Delivering Difficult News

This week, we are asked to execute ways on delivering difficult news to the patient using three different cases. One of the three cases I chose is a 33-year-old female who is 11 weeks pregnant who has been having pelvic cramping and vaginal bleeding since three days ago. Her quantitative hCG today has decreased since it was checked a couple of days ago. Based on the signs and symptoms, she is having a spontaneous abortion. The second case that I chose is a 52-year-old female patient who had a mammography and found some abnormalities in the test. She was then sent for a biopsy and was diagnosed to have stage II breast cancer. Lastly, the third patient that I chose is a 17-year-old female who is in the clinic for painful vaginal sores. She was diagnosed with genital herpes.

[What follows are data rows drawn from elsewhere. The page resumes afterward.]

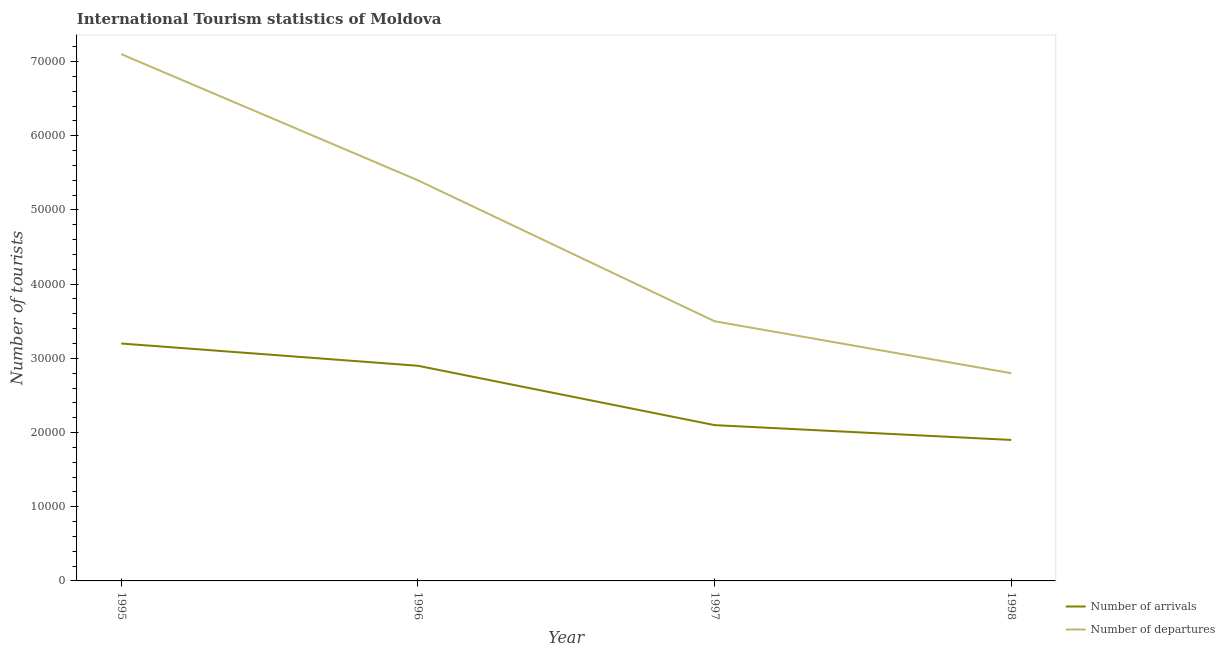How many different coloured lines are there?
Provide a short and direct response. 2. Does the line corresponding to number of tourist departures intersect with the line corresponding to number of tourist arrivals?
Your answer should be compact. No. What is the number of tourist departures in 1996?
Offer a very short reply. 5.40e+04. Across all years, what is the maximum number of tourist arrivals?
Offer a very short reply. 3.20e+04. Across all years, what is the minimum number of tourist arrivals?
Your answer should be very brief. 1.90e+04. What is the total number of tourist departures in the graph?
Your response must be concise. 1.88e+05. What is the difference between the number of tourist departures in 1996 and that in 1998?
Offer a terse response. 2.60e+04. What is the difference between the number of tourist arrivals in 1997 and the number of tourist departures in 1995?
Keep it short and to the point. -5.00e+04. What is the average number of tourist arrivals per year?
Provide a succinct answer. 2.52e+04. In the year 1997, what is the difference between the number of tourist arrivals and number of tourist departures?
Offer a terse response. -1.40e+04. In how many years, is the number of tourist departures greater than 44000?
Make the answer very short. 2. What is the ratio of the number of tourist departures in 1995 to that in 1998?
Offer a terse response. 2.54. Is the difference between the number of tourist departures in 1995 and 1996 greater than the difference between the number of tourist arrivals in 1995 and 1996?
Offer a very short reply. Yes. What is the difference between the highest and the second highest number of tourist departures?
Your answer should be very brief. 1.70e+04. What is the difference between the highest and the lowest number of tourist departures?
Your answer should be compact. 4.30e+04. Is the sum of the number of tourist departures in 1997 and 1998 greater than the maximum number of tourist arrivals across all years?
Offer a terse response. Yes. Is the number of tourist arrivals strictly greater than the number of tourist departures over the years?
Ensure brevity in your answer.  No. Is the number of tourist departures strictly less than the number of tourist arrivals over the years?
Give a very brief answer. No. What is the difference between two consecutive major ticks on the Y-axis?
Your response must be concise. 10000. Are the values on the major ticks of Y-axis written in scientific E-notation?
Keep it short and to the point. No. Does the graph contain grids?
Provide a short and direct response. No. What is the title of the graph?
Your answer should be very brief. International Tourism statistics of Moldova. What is the label or title of the Y-axis?
Make the answer very short. Number of tourists. What is the Number of tourists in Number of arrivals in 1995?
Provide a short and direct response. 3.20e+04. What is the Number of tourists of Number of departures in 1995?
Offer a terse response. 7.10e+04. What is the Number of tourists in Number of arrivals in 1996?
Ensure brevity in your answer.  2.90e+04. What is the Number of tourists in Number of departures in 1996?
Offer a terse response. 5.40e+04. What is the Number of tourists of Number of arrivals in 1997?
Make the answer very short. 2.10e+04. What is the Number of tourists of Number of departures in 1997?
Offer a terse response. 3.50e+04. What is the Number of tourists in Number of arrivals in 1998?
Provide a succinct answer. 1.90e+04. What is the Number of tourists in Number of departures in 1998?
Ensure brevity in your answer.  2.80e+04. Across all years, what is the maximum Number of tourists in Number of arrivals?
Offer a terse response. 3.20e+04. Across all years, what is the maximum Number of tourists in Number of departures?
Your response must be concise. 7.10e+04. Across all years, what is the minimum Number of tourists in Number of arrivals?
Your answer should be very brief. 1.90e+04. Across all years, what is the minimum Number of tourists in Number of departures?
Your response must be concise. 2.80e+04. What is the total Number of tourists of Number of arrivals in the graph?
Your answer should be very brief. 1.01e+05. What is the total Number of tourists of Number of departures in the graph?
Keep it short and to the point. 1.88e+05. What is the difference between the Number of tourists of Number of arrivals in 1995 and that in 1996?
Provide a succinct answer. 3000. What is the difference between the Number of tourists of Number of departures in 1995 and that in 1996?
Your answer should be very brief. 1.70e+04. What is the difference between the Number of tourists of Number of arrivals in 1995 and that in 1997?
Make the answer very short. 1.10e+04. What is the difference between the Number of tourists in Number of departures in 1995 and that in 1997?
Offer a very short reply. 3.60e+04. What is the difference between the Number of tourists of Number of arrivals in 1995 and that in 1998?
Give a very brief answer. 1.30e+04. What is the difference between the Number of tourists in Number of departures in 1995 and that in 1998?
Offer a very short reply. 4.30e+04. What is the difference between the Number of tourists in Number of arrivals in 1996 and that in 1997?
Keep it short and to the point. 8000. What is the difference between the Number of tourists of Number of departures in 1996 and that in 1997?
Your answer should be compact. 1.90e+04. What is the difference between the Number of tourists of Number of departures in 1996 and that in 1998?
Make the answer very short. 2.60e+04. What is the difference between the Number of tourists of Number of departures in 1997 and that in 1998?
Keep it short and to the point. 7000. What is the difference between the Number of tourists of Number of arrivals in 1995 and the Number of tourists of Number of departures in 1996?
Provide a short and direct response. -2.20e+04. What is the difference between the Number of tourists in Number of arrivals in 1995 and the Number of tourists in Number of departures in 1997?
Your answer should be compact. -3000. What is the difference between the Number of tourists of Number of arrivals in 1995 and the Number of tourists of Number of departures in 1998?
Give a very brief answer. 4000. What is the difference between the Number of tourists in Number of arrivals in 1996 and the Number of tourists in Number of departures in 1997?
Provide a short and direct response. -6000. What is the difference between the Number of tourists of Number of arrivals in 1997 and the Number of tourists of Number of departures in 1998?
Keep it short and to the point. -7000. What is the average Number of tourists of Number of arrivals per year?
Make the answer very short. 2.52e+04. What is the average Number of tourists of Number of departures per year?
Your answer should be very brief. 4.70e+04. In the year 1995, what is the difference between the Number of tourists in Number of arrivals and Number of tourists in Number of departures?
Provide a succinct answer. -3.90e+04. In the year 1996, what is the difference between the Number of tourists of Number of arrivals and Number of tourists of Number of departures?
Offer a terse response. -2.50e+04. In the year 1997, what is the difference between the Number of tourists in Number of arrivals and Number of tourists in Number of departures?
Give a very brief answer. -1.40e+04. In the year 1998, what is the difference between the Number of tourists of Number of arrivals and Number of tourists of Number of departures?
Offer a terse response. -9000. What is the ratio of the Number of tourists in Number of arrivals in 1995 to that in 1996?
Offer a very short reply. 1.1. What is the ratio of the Number of tourists in Number of departures in 1995 to that in 1996?
Give a very brief answer. 1.31. What is the ratio of the Number of tourists in Number of arrivals in 1995 to that in 1997?
Ensure brevity in your answer.  1.52. What is the ratio of the Number of tourists of Number of departures in 1995 to that in 1997?
Make the answer very short. 2.03. What is the ratio of the Number of tourists of Number of arrivals in 1995 to that in 1998?
Keep it short and to the point. 1.68. What is the ratio of the Number of tourists of Number of departures in 1995 to that in 1998?
Offer a very short reply. 2.54. What is the ratio of the Number of tourists in Number of arrivals in 1996 to that in 1997?
Make the answer very short. 1.38. What is the ratio of the Number of tourists in Number of departures in 1996 to that in 1997?
Your response must be concise. 1.54. What is the ratio of the Number of tourists in Number of arrivals in 1996 to that in 1998?
Keep it short and to the point. 1.53. What is the ratio of the Number of tourists in Number of departures in 1996 to that in 1998?
Offer a terse response. 1.93. What is the ratio of the Number of tourists in Number of arrivals in 1997 to that in 1998?
Offer a terse response. 1.11. What is the ratio of the Number of tourists in Number of departures in 1997 to that in 1998?
Make the answer very short. 1.25. What is the difference between the highest and the second highest Number of tourists in Number of arrivals?
Offer a terse response. 3000. What is the difference between the highest and the second highest Number of tourists in Number of departures?
Offer a terse response. 1.70e+04. What is the difference between the highest and the lowest Number of tourists in Number of arrivals?
Offer a very short reply. 1.30e+04. What is the difference between the highest and the lowest Number of tourists in Number of departures?
Offer a terse response. 4.30e+04.

The questions for these cases are: What do I tell them? What are the next steps in their treatment? To answer the first question, I will tell them their diagnoses. However, I will inform them their diagnoses in a sequential and more therapeutic way by the use of SPIKES protocol (Setting, Patient perspectives, Invitation for information, Knowledge, Explore emotion, Summarize) (Clinical Advisor, 2015). I will first make sure that the setting of where I am going to talk to the patient is in a quiet environment in which there are no detractions. When I talk to the patient, I will make sure that there is proper eye level and that he/she is comfortable. Second, I will make sure to ask patient’s perspectives. By doing this, I am aware of the reason the patient is in the clinic and what he/she is thinking about the symptoms that were presented in the clinic. Thirdly, I will ask if he/she is ready to hear more about the diagnosis. This is the stage in which patient is starting to get a hint of what the diagnosis is about. The more therapeutic way to handle the situation is to at least ask the patient if he/she is prepared to hear further details of the problems. From there, the fourth important aspect is to talk to them at their level of knowledge. I would refrain from using medical terms that they cannot understand. Rather, I will use layman’s term for them to easily understand the message I am trying to convey. By now, they have the information that they want to know. This is the perfect time to explore their emotion and empathize. I can do that by directly asking the patient about what they feel about the news while being empathetic to the situation. Finally, after relaying the news, I will summarize everything that the patient and I have talked about. This will facilitate confirmation that the patient gets the right information.

The next step in the treatment of the 33-year-old female patient who is having a spontaneous abortion is to do a transvaginal ultrasound, to prepare her for a dilation and curettage (D&C) and to monitor the decreasing number HCG. Our goal for her HCG is to completely decrease down to pre-pregnancy level. She should be advised not to try to get pregnant until after three menstrual periods after the D&C.

As for the second patient, a 52-year-old woman who was diagnosed with breast cancer, she will be referred to an oncologist to manage the breast cancer.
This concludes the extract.